"How dare you?"
It would seem the pandemic has not dampened the determination of Swedish activist Greta Thunberg to try and hold the governments of the world responsible for increasingly catastrophic climate change. It is a fact that even beyond the stifling grasp of the pandemic, the year 2020 has been marked with many weather-related catastrophes which have struck already vulnerable populations in tandem with the contagion. Forest fires, abnormal heatwaves and destructive floods are all a sign that climate change is a fast-approaching tipping point beyond which there is no return as disasters perpetuate disasters and go beyond current human capability.

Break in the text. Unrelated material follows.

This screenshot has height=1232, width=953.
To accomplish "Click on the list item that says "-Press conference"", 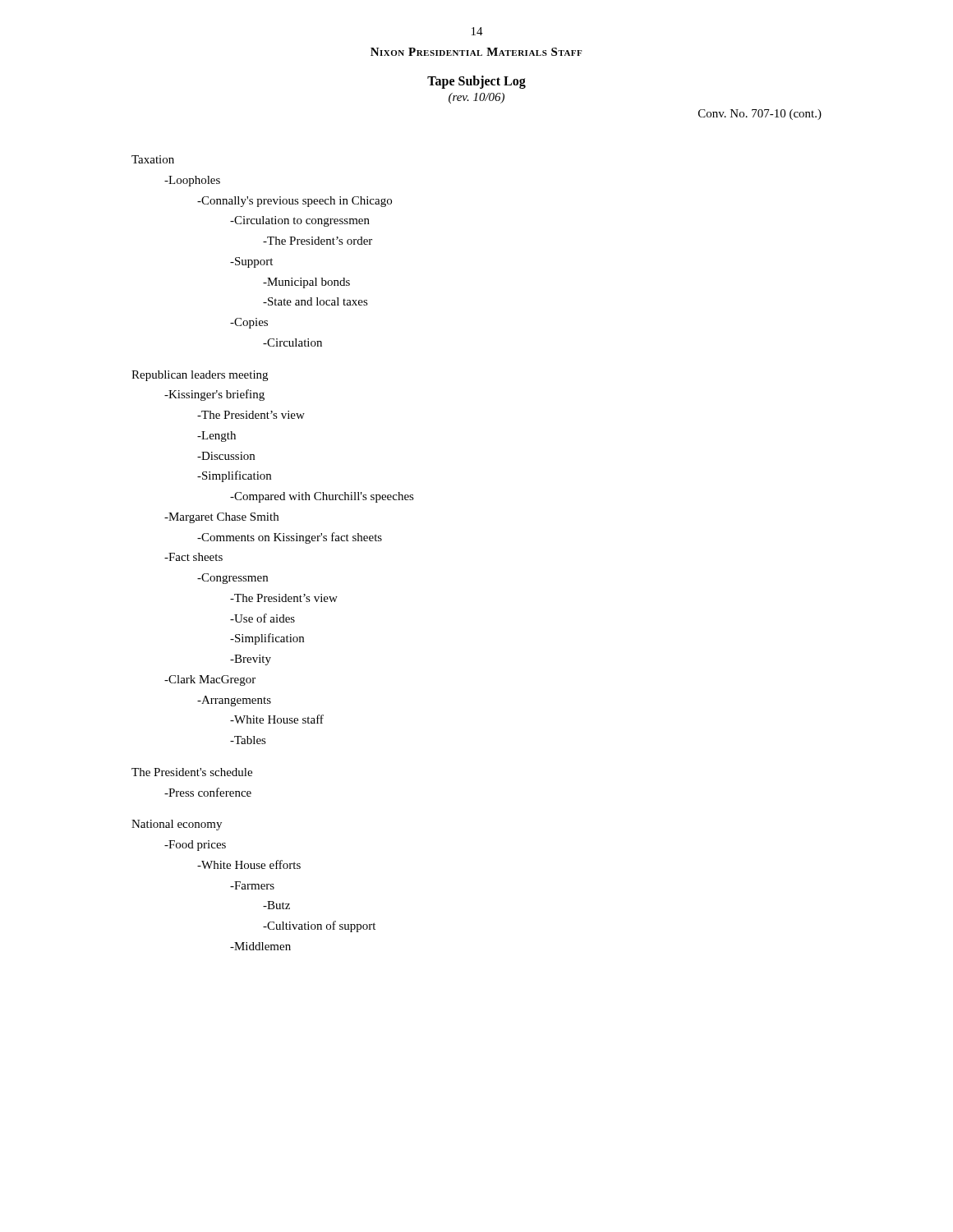I will [x=208, y=792].

Leaders and industry heads have shown visible reluctance to heed the scale of destruction, engaging in bad faith arguments, making promises that are reneged upon later as economies and the current consumption-based neo-capitalist juggernaut powers on, unheeding of the signs of a dying planet. Thunberg's message was very simple from the start. Stop ignoring the signs. Her appeal to the youth, to those who would inherit this dying world, was to become involved and make their views heard in a relatively closed global conversation on the direction of global economies. Last week, Thunberg's call for action resulted in demonstrations in as many as 3,100 locations. The pandemic may have limited the ability of mass gatherings but support flooded in online. Still, this is not to say that the physical protests were sparsely attended. In Berlin, nearly 10,000 demonstrators peacefully sat in protest in front of the Brandenburg Gate, masks and social distancing observed and chanting slogans. These slogans called for strikes, from universities, schools and companies. A message that would send a clear sign to those whose politics endanger the planet.

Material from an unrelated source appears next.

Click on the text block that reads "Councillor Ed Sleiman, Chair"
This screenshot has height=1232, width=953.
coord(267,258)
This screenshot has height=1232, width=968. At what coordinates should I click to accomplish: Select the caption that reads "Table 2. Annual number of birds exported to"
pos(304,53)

The demonstrations particularly tried to draw attention to the disproportional, inequitable and simply unfair burden of climate change. Nations on the front lines of climate devastation may many times have little in the way of contributions to such a dire situation. One of the youth activists in Uganda told Reuters that Africa's devastating floods were neglected by the global community in favour of the California wildfires that have grabbed headlines across the world. It is the people in the so-called 'global south' that suffer from the ground realities of climate change and suffer most from inaction over it is as well. Regardless of the nation in question, the protests were unified in expressing unambiguous anger with the current state of the climate change fight. As many have pointed out during these recent pandemic times, climate change is the true disaster of our times. A catastrophe that will create billions of climate refugees and populations without access to natural resources like clean air and drinking water. The current tensions over refugee crises would look incomparably insignificant to what lies on the other side of a failure to course correct. Eventually, developed, developing or underdeveloped will be irrelevant terms that will not stop climate change from affecting the wealthiest and most advanced of nations. The current string of climate mishaps taking place across the world is a clear sign of this.
It is often argued that the current generation of world leaders is too invested in the current order of things. Change is not an easy progress in a system with complex political ins and outs and it is this balancing act that politicians must play that makes them the wrong candidates to affect urgent climate change control measures. What is required is a political outsider that cannot be easily ignored and one that cuts across lines of compromise and pretension. The youth, in short, are the ones who can influence a drastic change in the ways of the global economic machine. While global leaders have attempted to trivialise such gatherings and assertions as 'unrealistic' or 'childish', Thunberg has managed to win global support with many world leaders pledging to support her cause, with a few notable outliers who have kept away.